What is USDM, in one paragraph?
USDM (Unified Study Definitions Model) is a CDISC data standard that represents the full design of a clinical trial — its objectives, population, arms, epochs, visits, schedule of activities, interventions, and estimands — as a single, structured, machine-readable model rather than free text buried in a protocol PDF. Instead of a study existing only as prose that humans re-key into a dozen downstream systems, USDM lets the study be written once as data and read many times by EDC builders, CTMS, registries, and analysis tools.
USDM is the flagship deliverable of CDISC's Digital Data Flow (DDF) initiative, developed jointly with TransCelerate. It is expressed formally as a UML class model, backed by CDISC Controlled Terminology, an API (JSON), a set of conformance (CORE) rules, and a detailed Implementation Guide.
TL;DR
USDM turns a clinical trial protocol into structured data: Study → StudyVersion → StudyDesign → Arms/Epochs/Encounters → Timelines → Activities → Biomedical Concepts. That structure can be exchanged as JSON, validated against conformance rules, and used to auto-generate documents (like an ICH M11 protocol), EDC builds, and SDTM Trial Design domains.

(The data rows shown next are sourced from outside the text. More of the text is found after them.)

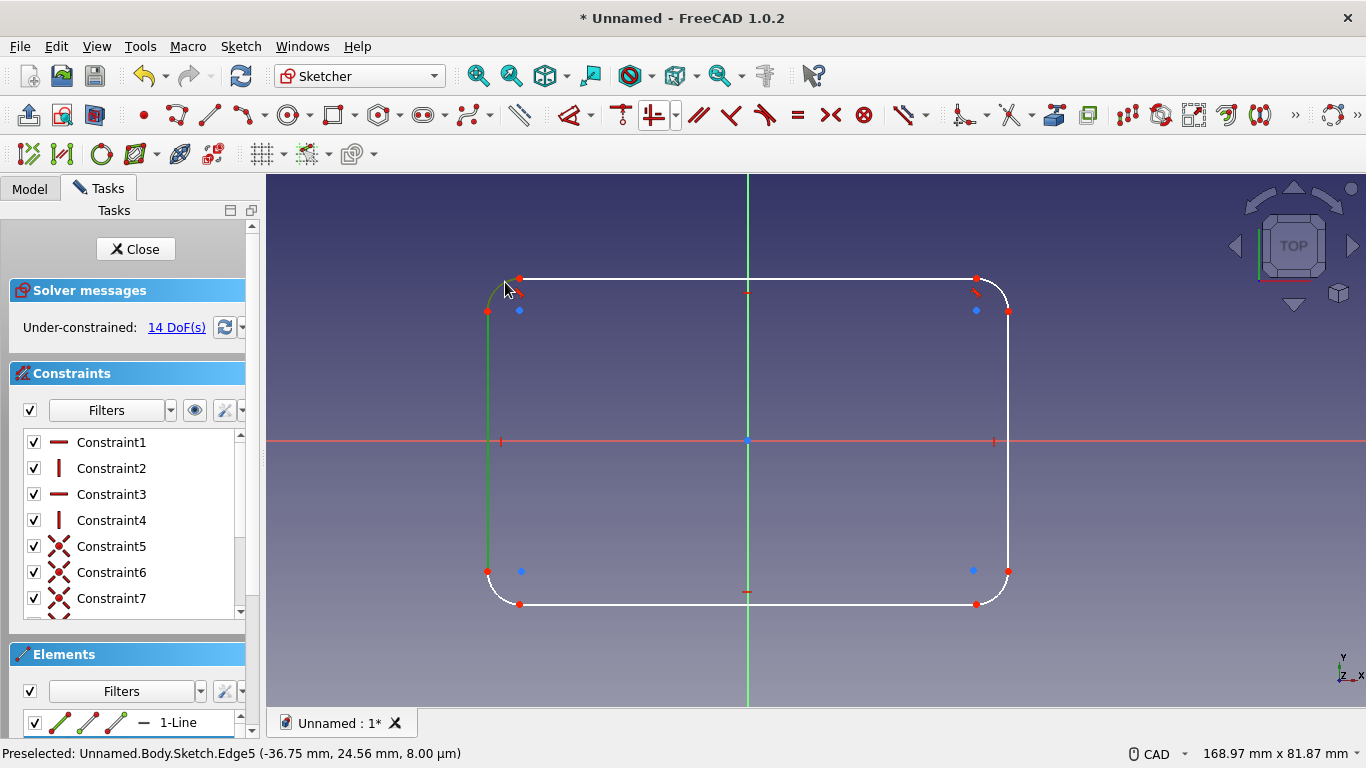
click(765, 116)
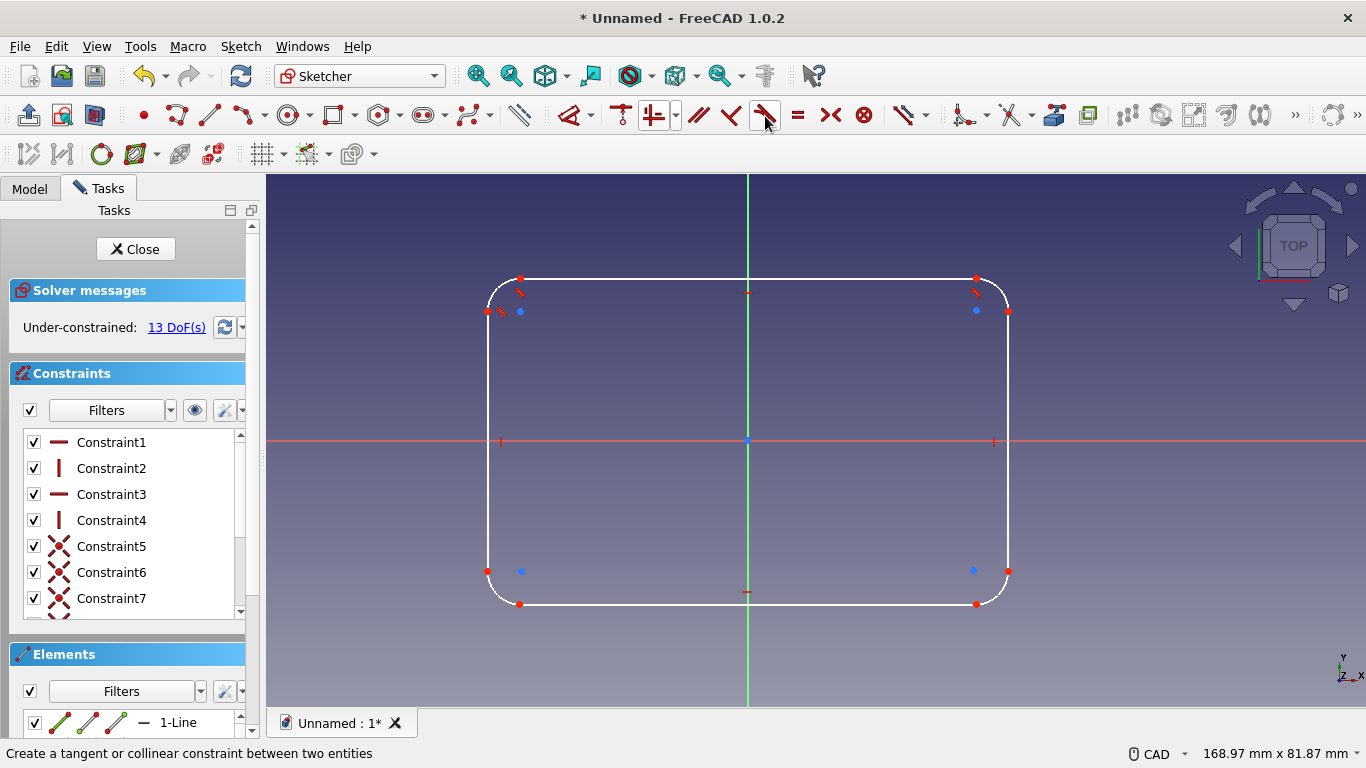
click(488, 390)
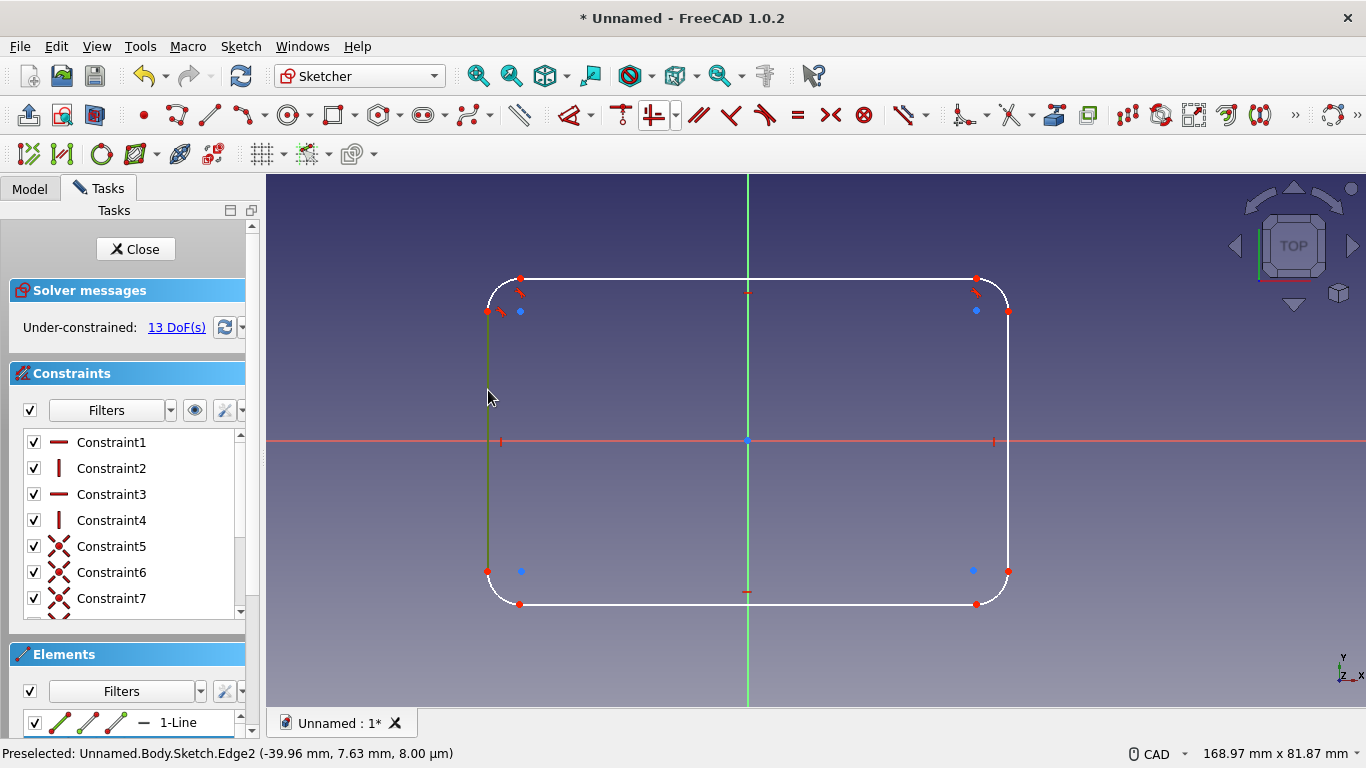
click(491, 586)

The problem USDM was built to solve
Today, a clinical trial protocol is authored as a Word document. Every downstream system — the EDC, the CTMS, the randomization/IRT system, the SDTM programming team, the clinical trial registry submission — then has someone manually re-read that document and re-key the same facts: the same visit schedule, the same eligibility criteria, the same list of assessments. This is slow, expensive, and error-prone, and it means the "digital record" of a study's design doesn't really exist anywhere; it has to be reverse-engineered from prose every time.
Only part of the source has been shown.